Railroad executives, as represented by CEO Joe Hinrichs, assert that their emphasis on financial gains rather than expansion has resulted in a plateau in freight movement.

Railroad CEO claims focus on financial gains hinders industry advancement
Railroad CEO claims focus on financial gains hinders industry advancement

Railroad growth is being hindered by an excessive focus on financial profits, according to CSX CEO.

In the world of railroads, profit margins are under intense scrutiny, and CSX Corporation is no exception. Ancora Holdings Group has called on the CSX board to consider management changes, citing a decline in the railroad's operating ratio.

The operating ratio, a key performance indicator in the rail industry, measures a railroad's expenses as a percentage of its revenues. Over the past decade, the main focus for rail companies, including CSX, has been on restructuring the business for efficiency and better margins. The average Class I railroad operating ratio has fallen from 70.8% in 2012 to a record low 59.9% in 2021.

CSX's woes can be traced back to a sharp decline in export metallurgical coal prices, which are tied to global benchmarks.
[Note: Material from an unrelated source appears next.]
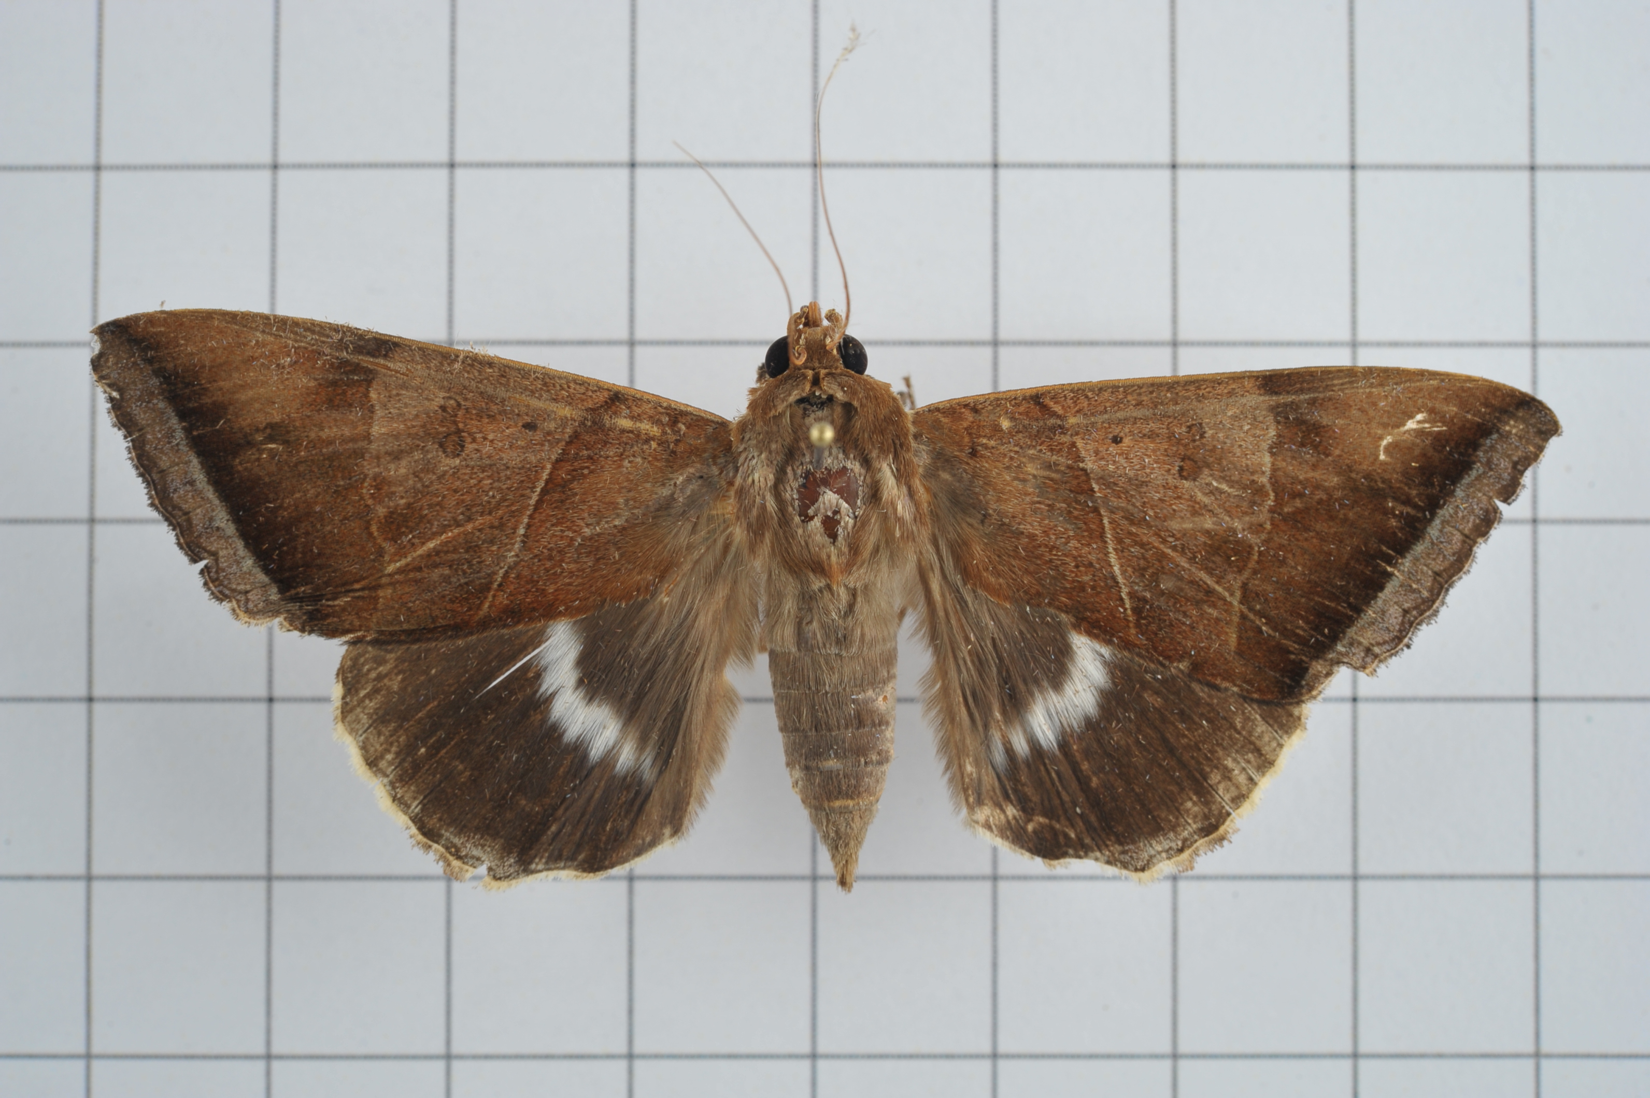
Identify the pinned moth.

This decline resulted in a 2.5-point hit to CSX's operating ratio. Other rail giants, such as Union Pacific and Norfolk Southern, have not been immune to these challenges. However, they have responded by rolling out new domestic intermodal services.

CSX's CEO, Joe Hinrichs, acknowledges the stagnation in U.S. railroad traffic levels over the past 15 years. He believes that to boost profits and growth, railroads need to prove they can maintain profit margins and bring on new volume. One way to achieve this is through interline partnerships, which can tap new markets and provide better service for the traffic currently exchanged between railroads.

Hinrichs, who was appointed as CSX's CEO in September 2022, spoke at the Morgan Stanley Laguna Conference, expressing optimism about CSX's future. Despite a $1.2 billion decline in operating income over the 12 months ending June 30, CSX was the only Class I railroad whose volumes returned to pre-pandemic levels by the end of 2024, with growth in both intermodal and merchandise business.

The rail industry's focus on profit margins has been a consistent theme over the past decade-plus. Even the Trump administration got involved, with the nomination of rail consultant Kloster to the Surface Transportation Board. However, Hinrichs believes that a more collaborative approach is needed to grow the industry. He advocates for a mindset that motivates players to work together to grow the pie, rather than just focusing on reducing the operating ratio.

This article was penned by Stuart Chirls. As the rail industry continues to evolve, it will be interesting to see how CSX and other railroads navigate the challenges and opportunities that lie ahead.